SUPPLIED RECORDS:
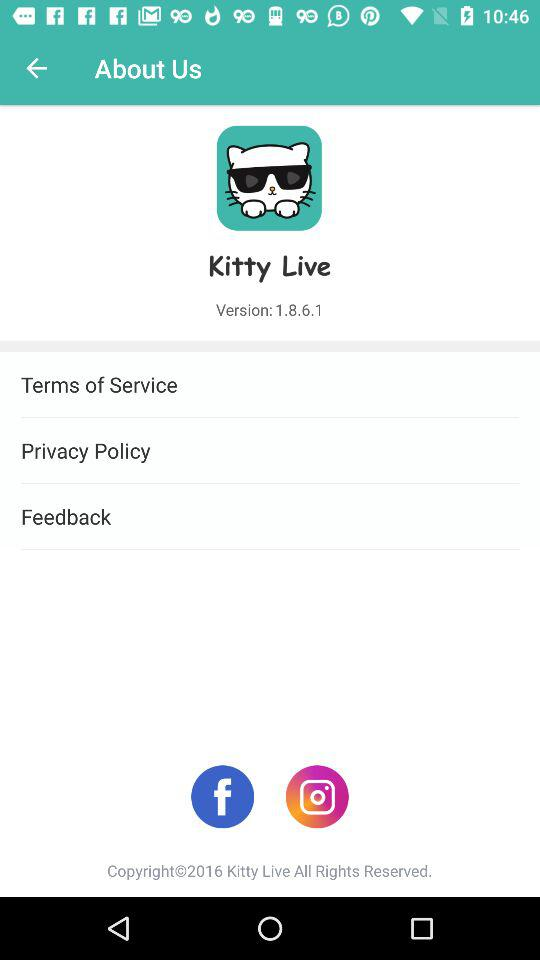What is the version? The version is 1.8.6.1. 
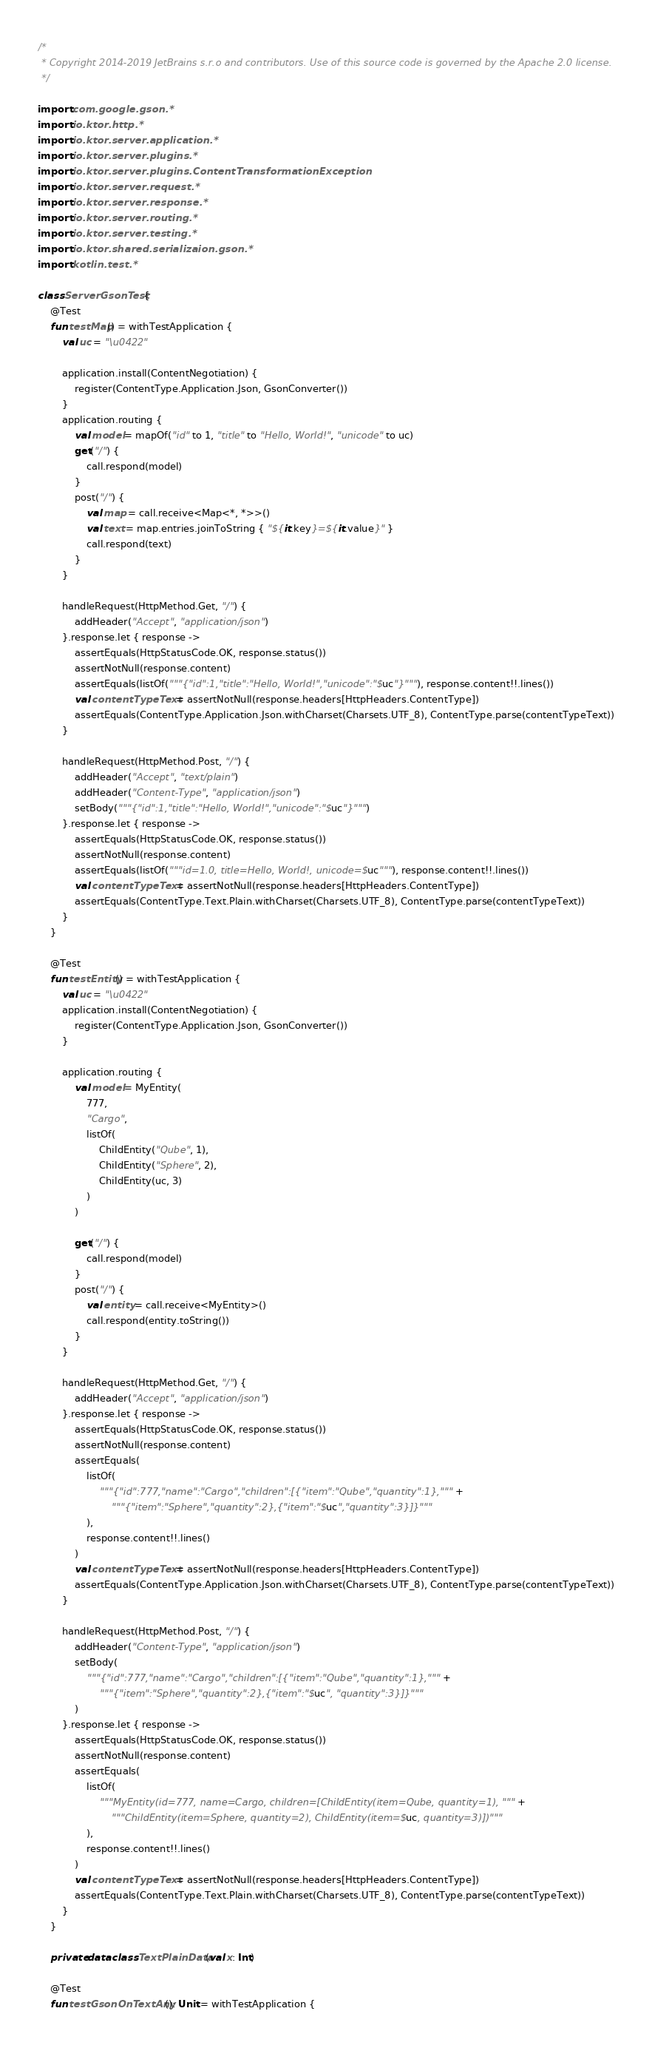<code> <loc_0><loc_0><loc_500><loc_500><_Kotlin_>/*
 * Copyright 2014-2019 JetBrains s.r.o and contributors. Use of this source code is governed by the Apache 2.0 license.
 */

import com.google.gson.*
import io.ktor.http.*
import io.ktor.server.application.*
import io.ktor.server.plugins.*
import io.ktor.server.plugins.ContentTransformationException
import io.ktor.server.request.*
import io.ktor.server.response.*
import io.ktor.server.routing.*
import io.ktor.server.testing.*
import io.ktor.shared.serializaion.gson.*
import kotlin.test.*

class ServerGsonTest {
    @Test
    fun testMap() = withTestApplication {
        val uc = "\u0422"

        application.install(ContentNegotiation) {
            register(ContentType.Application.Json, GsonConverter())
        }
        application.routing {
            val model = mapOf("id" to 1, "title" to "Hello, World!", "unicode" to uc)
            get("/") {
                call.respond(model)
            }
            post("/") {
                val map = call.receive<Map<*, *>>()
                val text = map.entries.joinToString { "${it.key}=${it.value}" }
                call.respond(text)
            }
        }

        handleRequest(HttpMethod.Get, "/") {
            addHeader("Accept", "application/json")
        }.response.let { response ->
            assertEquals(HttpStatusCode.OK, response.status())
            assertNotNull(response.content)
            assertEquals(listOf("""{"id":1,"title":"Hello, World!","unicode":"$uc"}"""), response.content!!.lines())
            val contentTypeText = assertNotNull(response.headers[HttpHeaders.ContentType])
            assertEquals(ContentType.Application.Json.withCharset(Charsets.UTF_8), ContentType.parse(contentTypeText))
        }

        handleRequest(HttpMethod.Post, "/") {
            addHeader("Accept", "text/plain")
            addHeader("Content-Type", "application/json")
            setBody("""{"id":1,"title":"Hello, World!","unicode":"$uc"}""")
        }.response.let { response ->
            assertEquals(HttpStatusCode.OK, response.status())
            assertNotNull(response.content)
            assertEquals(listOf("""id=1.0, title=Hello, World!, unicode=$uc"""), response.content!!.lines())
            val contentTypeText = assertNotNull(response.headers[HttpHeaders.ContentType])
            assertEquals(ContentType.Text.Plain.withCharset(Charsets.UTF_8), ContentType.parse(contentTypeText))
        }
    }

    @Test
    fun testEntity() = withTestApplication {
        val uc = "\u0422"
        application.install(ContentNegotiation) {
            register(ContentType.Application.Json, GsonConverter())
        }

        application.routing {
            val model = MyEntity(
                777,
                "Cargo",
                listOf(
                    ChildEntity("Qube", 1),
                    ChildEntity("Sphere", 2),
                    ChildEntity(uc, 3)
                )
            )

            get("/") {
                call.respond(model)
            }
            post("/") {
                val entity = call.receive<MyEntity>()
                call.respond(entity.toString())
            }
        }

        handleRequest(HttpMethod.Get, "/") {
            addHeader("Accept", "application/json")
        }.response.let { response ->
            assertEquals(HttpStatusCode.OK, response.status())
            assertNotNull(response.content)
            assertEquals(
                listOf(
                    """{"id":777,"name":"Cargo","children":[{"item":"Qube","quantity":1},""" +
                        """{"item":"Sphere","quantity":2},{"item":"$uc","quantity":3}]}"""
                ),
                response.content!!.lines()
            )
            val contentTypeText = assertNotNull(response.headers[HttpHeaders.ContentType])
            assertEquals(ContentType.Application.Json.withCharset(Charsets.UTF_8), ContentType.parse(contentTypeText))
        }

        handleRequest(HttpMethod.Post, "/") {
            addHeader("Content-Type", "application/json")
            setBody(
                """{"id":777,"name":"Cargo","children":[{"item":"Qube","quantity":1},""" +
                    """{"item":"Sphere","quantity":2},{"item":"$uc", "quantity":3}]}"""
            )
        }.response.let { response ->
            assertEquals(HttpStatusCode.OK, response.status())
            assertNotNull(response.content)
            assertEquals(
                listOf(
                    """MyEntity(id=777, name=Cargo, children=[ChildEntity(item=Qube, quantity=1), """ +
                        """ChildEntity(item=Sphere, quantity=2), ChildEntity(item=$uc, quantity=3)])"""
                ),
                response.content!!.lines()
            )
            val contentTypeText = assertNotNull(response.headers[HttpHeaders.ContentType])
            assertEquals(ContentType.Text.Plain.withCharset(Charsets.UTF_8), ContentType.parse(contentTypeText))
        }
    }

    private data class TextPlainData(val x: Int)

    @Test
    fun testGsonOnTextAny(): Unit = withTestApplication {</code>

TASK DIRECTIONS: Start at the first line and set down all of the data exactly, passing over the pictures.

RESPONSE BOX:
What is the version? The version is 1.8.6.1. 
<code> <loc_0><loc_0><loc_500><loc_500><_Kotlin_>/*
 * Copyright 2014-2019 JetBrains s.r.o and contributors. Use of this source code is governed by the Apache 2.0 license.
 */

import com.google.gson.*
import io.ktor.http.*
import io.ktor.server.application.*
import io.ktor.server.plugins.*
import io.ktor.server.plugins.ContentTransformationException
import io.ktor.server.request.*
import io.ktor.server.response.*
import io.ktor.server.routing.*
import io.ktor.server.testing.*
import io.ktor.shared.serializaion.gson.*
import kotlin.test.*

class ServerGsonTest {
    @Test
    fun testMap() = withTestApplication {
        val uc = "\u0422"

        application.install(ContentNegotiation) {
            register(ContentType.Application.Json, GsonConverter())
        }
        application.routing {
            val model = mapOf("id" to 1, "title" to "Hello, World!", "unicode" to uc)
            get("/") {
                call.respond(model)
            }
            post("/") {
                val map = call.receive<Map<*, *>>()
                val text = map.entries.joinToString { "${it.key}=${it.value}" }
                call.respond(text)
            }
        }

        handleRequest(HttpMethod.Get, "/") {
            addHeader("Accept", "application/json")
        }.response.let { response ->
            assertEquals(HttpStatusCode.OK, response.status())
            assertNotNull(response.content)
            assertEquals(listOf("""{"id":1,"title":"Hello, World!","unicode":"$uc"}"""), response.content!!.lines())
            val contentTypeText = assertNotNull(response.headers[HttpHeaders.ContentType])
            assertEquals(ContentType.Application.Json.withCharset(Charsets.UTF_8), ContentType.parse(contentTypeText))
        }

        handleRequest(HttpMethod.Post, "/") {
            addHeader("Accept", "text/plain")
            addHeader("Content-Type", "application/json")
            setBody("""{"id":1,"title":"Hello, World!","unicode":"$uc"}""")
        }.response.let { response ->
            assertEquals(HttpStatusCode.OK, response.status())
            assertNotNull(response.content)
            assertEquals(listOf("""id=1.0, title=Hello, World!, unicode=$uc"""), response.content!!.lines())
            val contentTypeText = assertNotNull(response.headers[HttpHeaders.ContentType])
            assertEquals(ContentType.Text.Plain.withCharset(Charsets.UTF_8), ContentType.parse(contentTypeText))
        }
    }

    @Test
    fun testEntity() = withTestApplication {
        val uc = "\u0422"
        application.install(ContentNegotiation) {
            register(ContentType.Application.Json, GsonConverter())
        }

        application.routing {
            val model = MyEntity(
                777,
                "Cargo",
                listOf(
                    ChildEntity("Qube", 1),
                    ChildEntity("Sphere", 2),
                    ChildEntity(uc, 3)
                )
            )

            get("/") {
                call.respond(model)
            }
            post("/") {
                val entity = call.receive<MyEntity>()
                call.respond(entity.toString())
            }
        }

        handleRequest(HttpMethod.Get, "/") {
            addHeader("Accept", "application/json")
        }.response.let { response ->
            assertEquals(HttpStatusCode.OK, response.status())
            assertNotNull(response.content)
            assertEquals(
                listOf(
                    """{"id":777,"name":"Cargo","children":[{"item":"Qube","quantity":1},""" +
                        """{"item":"Sphere","quantity":2},{"item":"$uc","quantity":3}]}"""
                ),
                response.content!!.lines()
            )
            val contentTypeText = assertNotNull(response.headers[HttpHeaders.ContentType])
            assertEquals(ContentType.Application.Json.withCharset(Charsets.UTF_8), ContentType.parse(contentTypeText))
        }

        handleRequest(HttpMethod.Post, "/") {
            addHeader("Content-Type", "application/json")
            setBody(
                """{"id":777,"name":"Cargo","children":[{"item":"Qube","quantity":1},""" +
                    """{"item":"Sphere","quantity":2},{"item":"$uc", "quantity":3}]}"""
            )
        }.response.let { response ->
            assertEquals(HttpStatusCode.OK, response.status())
            assertNotNull(response.content)
            assertEquals(
                listOf(
                    """MyEntity(id=777, name=Cargo, children=[ChildEntity(item=Qube, quantity=1), """ +
                        """ChildEntity(item=Sphere, quantity=2), ChildEntity(item=$uc, quantity=3)])"""
                ),
                response.content!!.lines()
            )
            val contentTypeText = assertNotNull(response.headers[HttpHeaders.ContentType])
            assertEquals(ContentType.Text.Plain.withCharset(Charsets.UTF_8), ContentType.parse(contentTypeText))
        }
    }

    private data class TextPlainData(val x: Int)

    @Test
    fun testGsonOnTextAny(): Unit = withTestApplication {</code>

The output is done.